An open rebuke is better than hidden love! Proverbs 27:5
I was talking to one friend recently who made a very pointed criticism of another mutual friend. It was obvious he has a sincere concern about our other friend, but instead of addressing it with him, he decided to mention it to me. Honestly I wondered how many other “friends” with whom he has had this same conversation. I simply told him I thought he should speak with our friend directly about his concerns.
This is such a difficult verse for some people…especially people pleasers…maybe even some pastors…because we are afraid to offend people, but the principle is that we must be willing to help those we love, even when it is uncomfortable.

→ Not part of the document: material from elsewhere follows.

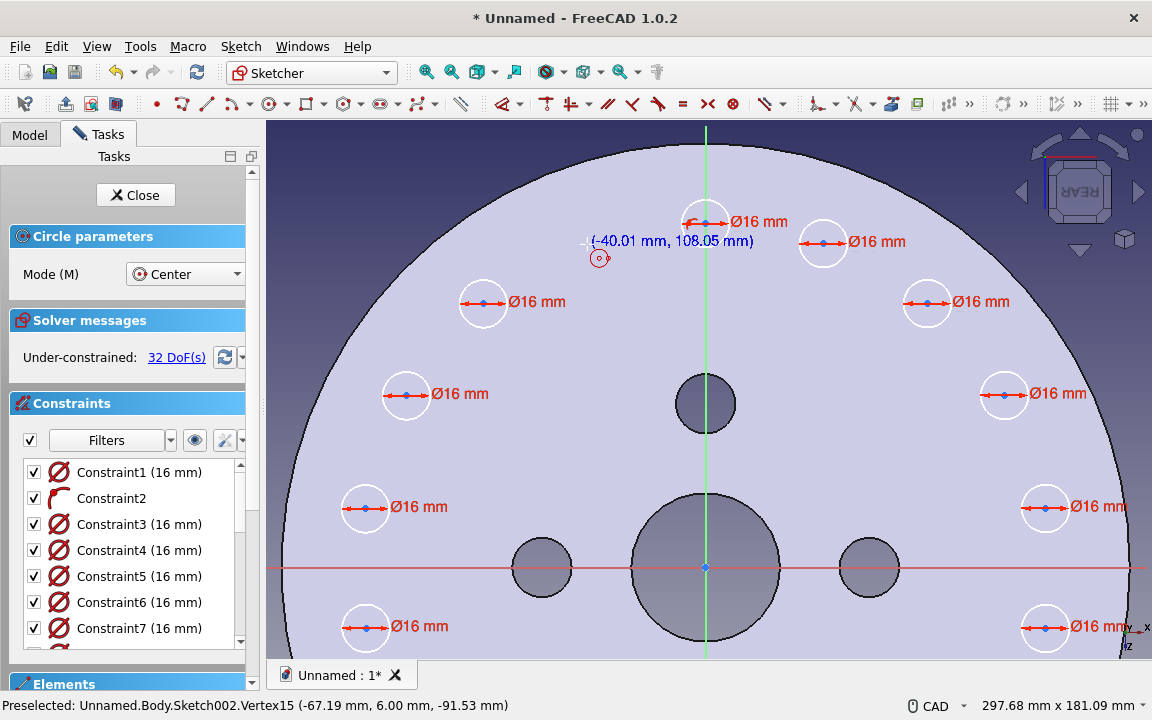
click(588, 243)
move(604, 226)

Proverbs are principles. They aren’t promises from God as much as the are pieces of wisdom from God to help us live life better. The are commands as much as they are guidelines. You can live a very principled life and not be guaranteed success, but in the majority of circumstances, these principles work best. In this specific proverb, you are not guaranteed to be received well when you offer “an open rebuke”, but it is “better than hidden love”. We shouldn’t be constantly looking for flaws in other people and we should look at our own faults first, but when a friend is obviously making bad choices in life that will eventually cause them or others harm, when everyone else is already talking about the issue with everyone except the friend, the loving thing to do is to offer correction.
I believe the principle behind this proverb is simply that if you love someone…truly care for others…then you should be willing to confront the issues you see in their life. Sometimes others can see things in us that we can’t see in ourselves. If a friend or loved one is making bad decisions, as awkward and uncomfortable as it may be, it’s better to bring it to their attention than to ignore it in the name of love. I hear people say, “I don’t want to offend them” or “It’s none of my business”, but the idea here is that if you love someone enough, you’ll be willing to help them realize where they are making mistakes.
Is this tough for you? Do you agree or disagree with my assessment here?
If you are the one who needs rebuking, would you rather hear it from a friend, a stranger, or not at all?
Now the harder question, who in your life needs your “open rebuke” more than they need your “hidden love”?
Help me out with this post by adding your thoughts.